Let's break the problem down step by step:

There are two blocks because all girls must stand together and all boys must stand together. The two blocks can be arranged in:

$$2 \text{ ways} \quad \text{(i.e., girls first then boys, or boys first then girls).}$$

The girls can be arranged among themselves in:

$$3! = 6 \text{ ways.}$$

For the boys (4 in total), they must be arranged such that the specific boys $B_1$ and $B_2$ are not adjacent.

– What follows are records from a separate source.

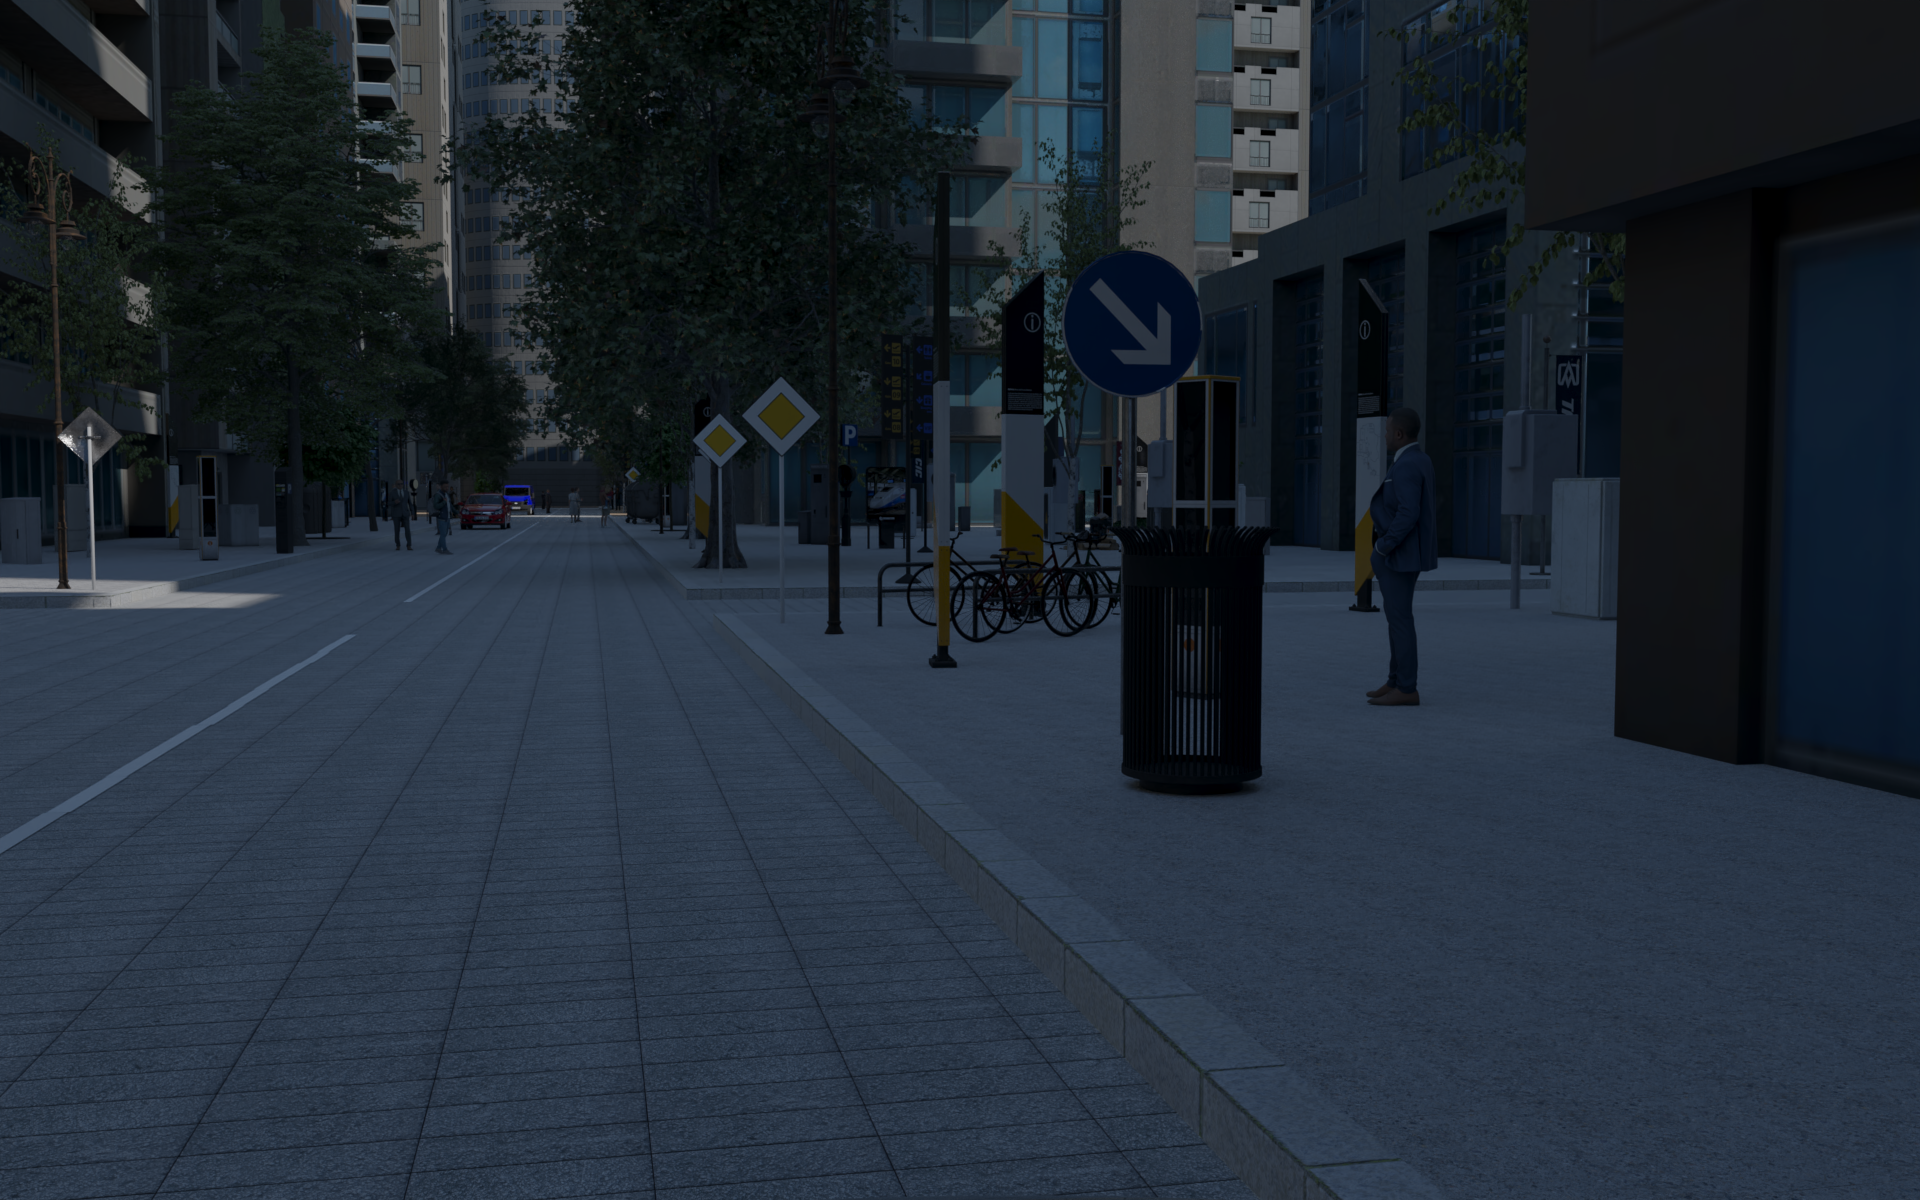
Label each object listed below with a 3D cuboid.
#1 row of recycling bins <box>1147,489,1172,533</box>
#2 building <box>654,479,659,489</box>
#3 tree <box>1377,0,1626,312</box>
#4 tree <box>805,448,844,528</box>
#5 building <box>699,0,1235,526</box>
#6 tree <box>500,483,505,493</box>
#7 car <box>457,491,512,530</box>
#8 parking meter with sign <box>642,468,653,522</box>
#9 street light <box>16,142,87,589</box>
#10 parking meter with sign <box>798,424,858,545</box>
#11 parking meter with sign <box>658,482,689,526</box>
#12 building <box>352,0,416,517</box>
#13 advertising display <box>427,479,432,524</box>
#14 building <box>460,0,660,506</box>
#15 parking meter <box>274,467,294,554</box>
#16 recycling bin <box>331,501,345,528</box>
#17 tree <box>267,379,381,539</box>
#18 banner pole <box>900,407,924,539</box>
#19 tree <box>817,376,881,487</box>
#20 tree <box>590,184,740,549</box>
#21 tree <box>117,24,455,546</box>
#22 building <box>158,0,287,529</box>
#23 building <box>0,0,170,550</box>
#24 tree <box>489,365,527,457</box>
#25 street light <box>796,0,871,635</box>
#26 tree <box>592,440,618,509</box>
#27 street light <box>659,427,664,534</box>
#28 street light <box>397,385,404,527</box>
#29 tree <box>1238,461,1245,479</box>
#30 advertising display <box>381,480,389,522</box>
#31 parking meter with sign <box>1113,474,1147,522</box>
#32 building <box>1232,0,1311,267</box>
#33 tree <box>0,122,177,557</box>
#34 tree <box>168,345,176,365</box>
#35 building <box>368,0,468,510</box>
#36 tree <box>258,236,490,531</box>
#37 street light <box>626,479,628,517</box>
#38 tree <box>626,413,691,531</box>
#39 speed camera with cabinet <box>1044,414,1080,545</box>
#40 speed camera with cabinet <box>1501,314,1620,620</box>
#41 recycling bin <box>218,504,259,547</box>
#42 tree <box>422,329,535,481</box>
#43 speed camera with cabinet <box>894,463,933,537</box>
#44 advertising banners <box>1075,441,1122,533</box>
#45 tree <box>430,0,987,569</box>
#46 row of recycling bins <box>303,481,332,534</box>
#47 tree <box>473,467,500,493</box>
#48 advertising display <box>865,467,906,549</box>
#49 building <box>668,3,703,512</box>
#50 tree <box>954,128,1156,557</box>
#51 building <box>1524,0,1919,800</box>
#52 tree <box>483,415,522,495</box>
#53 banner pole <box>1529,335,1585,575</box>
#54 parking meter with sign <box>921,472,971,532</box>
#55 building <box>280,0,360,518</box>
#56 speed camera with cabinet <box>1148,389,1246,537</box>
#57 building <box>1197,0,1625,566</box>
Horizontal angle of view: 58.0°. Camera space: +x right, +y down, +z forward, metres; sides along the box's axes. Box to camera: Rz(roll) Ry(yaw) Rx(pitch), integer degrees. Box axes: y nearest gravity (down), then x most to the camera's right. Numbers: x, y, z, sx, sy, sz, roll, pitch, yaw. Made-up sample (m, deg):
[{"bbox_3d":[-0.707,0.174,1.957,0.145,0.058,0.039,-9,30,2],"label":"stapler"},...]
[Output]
[{"bbox_3d":[6.755,-3.031,56.670,1.069,1.692,3.534,0,4,-4],"label":"row of recycling bins"},{"bbox_3d":[-16.265,-43.342,146.889,20.563,71.187,20.611,-1,4,-12],"label":"building"},{"bbox_3d":[5.731,-3.904,14.200,4.737,8.622,4.395,0,3,0],"label":"tree"},{"bbox_3d":[-4.835,-4.314,65.136,1.663,3.219,1.824,0,3,0],"label":"tree"},{"bbox_3d":[-1.103,-28.258,81.622,23.786,49.044,30.456,-1,4,-12],"label":"building"},{"bbox_3d":[-41.903,-9.907,156.583,1.663,3.219,1.824,0,3,0],"label":"tree"},{"bbox_3d":[-19.453,-3.793,71.063,2.155,1.783,4.494,-1,4,-11],"label":"car"},{"bbox_3d":[-14.498,-5.125,80.048,0.543,3.016,1.738,-1,4,-19],"label":"parking meter with sign"},{"bbox_3d":[-12.127,-3.087,23.257,0.468,5.910,1.993,-1,4,-12],"label":"street light"},{"bbox_3d":[-3.402,-2.910,43.839,1.738,3.016,0.543,3,5,40],"label":"parking meter with sign"},{"bbox_3d":[-11.456,-4.530,70.324,1.738,3.016,0.543,1,4,16],"label":"parking meter with sign"},{"bbox_3d":[-45.489,-48.567,106.737,22.319,86.520,31.000,-1,4,-12],"label":"building"},{"bbox_3d":[-22.781,-4.232,74.408,0.123,1.923,0.974,-1,4,-20],"label":"advertising display"},{"bbox_3d":[-42.439,-39.694,190.989,28.212,58.520,21.231,-1,4,-12],"label":"building"},{"bbox_3d":[-14.559,-1.932,37.300,0.255,1.863,0.399,0,4,0],"label":"parking meter"},{"bbox_3d":[-23.767,-3.234,65.424,0.722,1.027,0.722,1,4,19],"label":"recycling bin"},{"bbox_3d":[-18.239,-4.025,49.519,4.285,4.588,4.351,0,3,0],"label":"tree"},{"bbox_3d":[-1.313,-3.645,49.606,0.863,3.779,0.401,-2,4,-34],"label":"banner pole"},{"bbox_3d":[-4.548,-6.738,60.536,4.737,8.622,4.395,0,3,0],"label":"tree"},{"bbox_3d":[-6.479,-5.489,40.101,4.360,8.622,3.978,0,3,0],"label":"tree"},{"bbox_3d":[-16.254,-7.583,42.102,7.486,12.596,7.792,0,3,0],"label":"tree"},{"bbox_3d":[-33.469,-23.253,63.788,14.154,41.232,14.086,-1,4,-12],"label":"building"},{"bbox_3d":[-31.617,-25.313,37.575,21.300,48.544,21.600,-1,4,-12],"label":"building"},{"bbox_3d":[-26.371,-9.457,89.028,7.601,10.594,8.767,1,4,9],"label":"tree"},{"bbox_3d":[-1.155,-2.626,15.723,0.468,5.910,1.993,-1,4,-12],"label":"street light"},{"bbox_3d":[-29.363,-11.960,145.908,4.737,8.622,4.395,0,3,0],"label":"tree"},{"bbox_3d":[-9.599,-5.061,55.537,0.468,5.910,1.993,-1,4,-12],"label":"street light"},{"bbox_3d":[-21.493,-5.738,66.598,0.468,5.910,1.993,-1,4,-12],"label":"street light"},{"bbox_3d":[5.565,-2.801,40.398,1.663,3.219,1.824,0,3,0],"label":"tree"},{"bbox_3d":[-26.919,-4.638,81.044,0.123,1.923,0.974,-2,4,-31],"label":"advertising display"},{"bbox_3d":[6.718,-4.266,66.009,1.738,3.016,0.543,-1,4,-20],"label":"parking meter with sign"},{"bbox_3d":[28.592,-35.447,168.800,27.495,52.752,28.713,-1,4,-12],"label":"building"},{"bbox_3d":[-17.545,-5.152,34.603,4.737,8.622,4.395,0,3,0],"label":"tree"},{"bbox_3d":[-27.261,-6.365,54.433,4.360,8.622,3.978,0,3,0],"label":"tree"},{"bbox_3d":[-57.027,-34.259,149.368,27.495,52.752,28.713,-1,4,-12],"label":"building"},{"bbox_3d":[-20.526,-7.636,59.267,7.601,10.594,8.767,-1,4,-20],"label":"tree"},{"bbox_3d":[-18.840,-7.662,98.063,0.468,5.910,1.993,-1,4,-12],"label":"street light"},{"bbox_3d":[-10.061,-4.676,60.171,4.285,4.588,4.351,0,3,0],"label":"tree"},{"bbox_3d":[2.525,-3.003,43.429,0.660,3.252,2.038,0,4,-6],"label":"speed camera with cabinet"},{"bbox_3d":[6.557,-1.478,18.503,0.660,3.252,2.038,-1,4,-12],"label":"speed camera with cabinet"},{"bbox_3d":[-17.781,-1.843,42.680,0.722,1.027,0.722,3,5,41],"label":"recycling bin"},{"bbox_3d":[-37.035,-13.836,132.867,9.857,13.997,8.962,0,3,0],"label":"tree"},{"bbox_3d":[-1.341,-3.517,51.843,2.038,3.252,0.660,-1,4,-19],"label":"speed camera with cabinet"},{"bbox_3d":[4.624,-3.718,56.980,2.074,3.025,0.090,1,4,12],"label":"advertising banners"},{"bbox_3d":[-4.172,-6.907,29.943,9.611,12.733,9.660,0,3,0],"label":"tree"},{"bbox_3d":[-21.343,-3.054,57.048,1.069,1.692,3.534,-1,4,-11],"label":"row of recycling bins"},{"bbox_3d":[-33.812,-7.788,121.940,1.663,3.219,1.824,0,3,0],"label":"tree"},{"bbox_3d":[-1.724,-2.164,40.590,0.974,1.923,0.123,-1,4,-13],"label":"advertising display"},{"bbox_3d":[-9.795,-28.687,123.658,22.147,44.769,28.867,-1,4,-12],"label":"building"},{"bbox_3d":[2.162,-5.193,35.269,4.737,8.622,4.395,0,3,0],"label":"tree"},{"bbox_3d":[11.280,-21.561,2.632,14.600,45.320,14.200,-1,4,-12],"label":"building"},{"bbox_3d":[-39.808,-12.180,149.511,4.360,8.622,3.978,0,3,0],"label":"tree"},{"bbox_3d":[9.471,-2.288,27.430,0.863,3.779,0.401,-1,4,-12],"label":"banner pole"},{"bbox_3d":[-0.516,-3.869,59.512,1.738,3.016,0.543,-1,4,-19],"label":"parking meter with sign"},{"bbox_3d":[-38.041,-26.616,85.289,14.600,45.320,14.200,-1,4,-12],"label":"building"},{"bbox_3d":[3.980,-2.133,29.206,0.660,3.252,2.038,-2,4,-29],"label":"speed camera with cabinet"},{"bbox_3d":[22.968,-44.636,42.478,31.000,86.520,22.319,-1,4,-12],"label":"building"}]
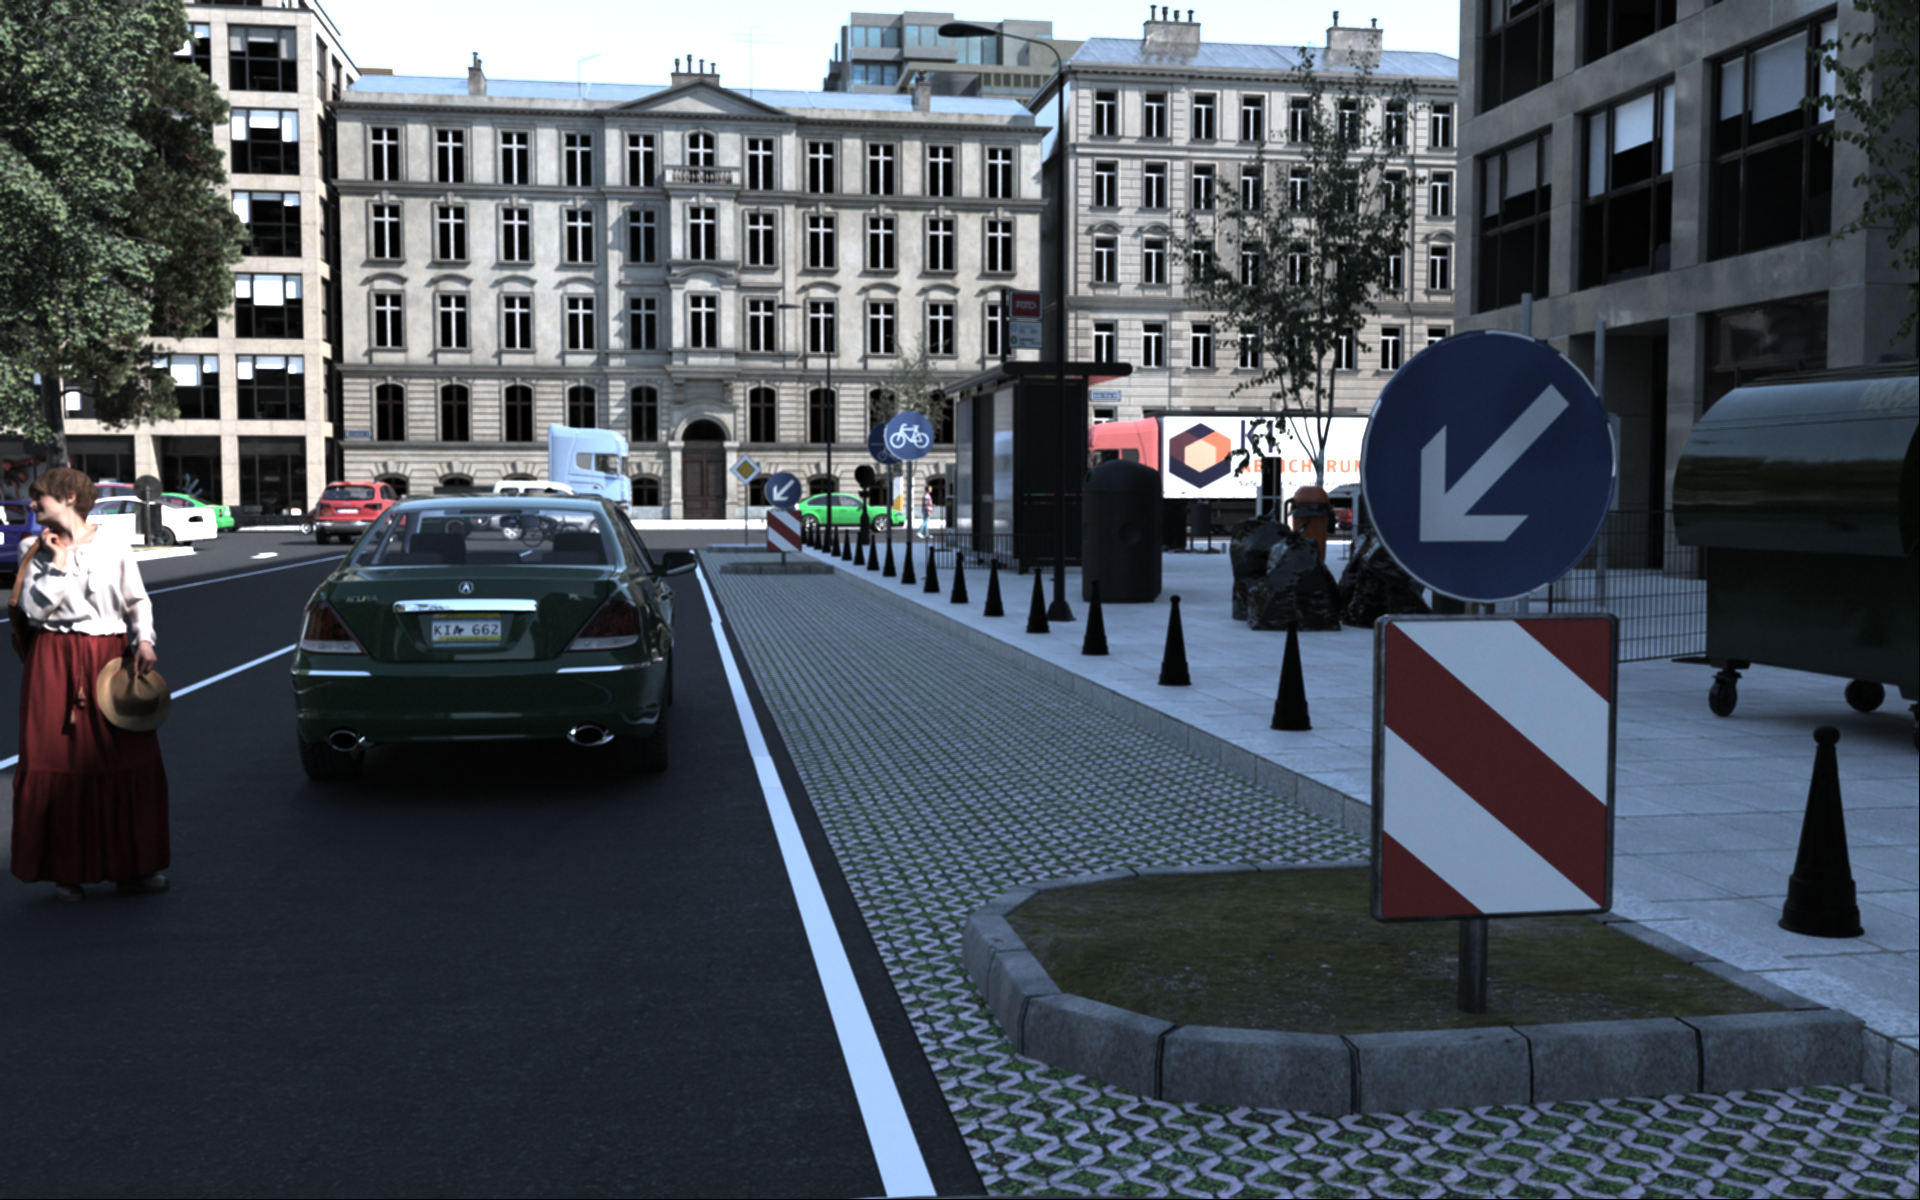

First, calculate the total number of arrangements of 4 boys:

$$4! = 24.$$

Next, count the arrangements where $B_1$ and $B_2$ are adjacent. Think of $B_1$ and $B_2$ as a single unit. This unit can be arranged in:

$$2! = 2 \text{ ways (since }B_1\text{ and }B_2\text{ can swap positions).}$$

Now, with this new unit, we have 3 units in total (the $B_1B_2$ unit and the other 2 boys), which can be arranged in:

$$3! = 6 \text{ ways.}$$

So, the number of arrangements where $B_1$ and $B_2$ are adjacent is:

$$2! \times 3! = 2 \times 6 = 12.$$

Therefore, the number of valid arrangements for the boys where $B_1$ and $B_2$ are not adjacent is:

$$24 - 12 = 12.$$

Finally, multiply all the factors together:

$$\text{Total ways} = 2 \times 6 \times 12 = 144.$$

Thus, the number of ways in which the girls and boys can stand in the queue under the given conditions is $$\boxed{144}.$$

This corresponds to Option D.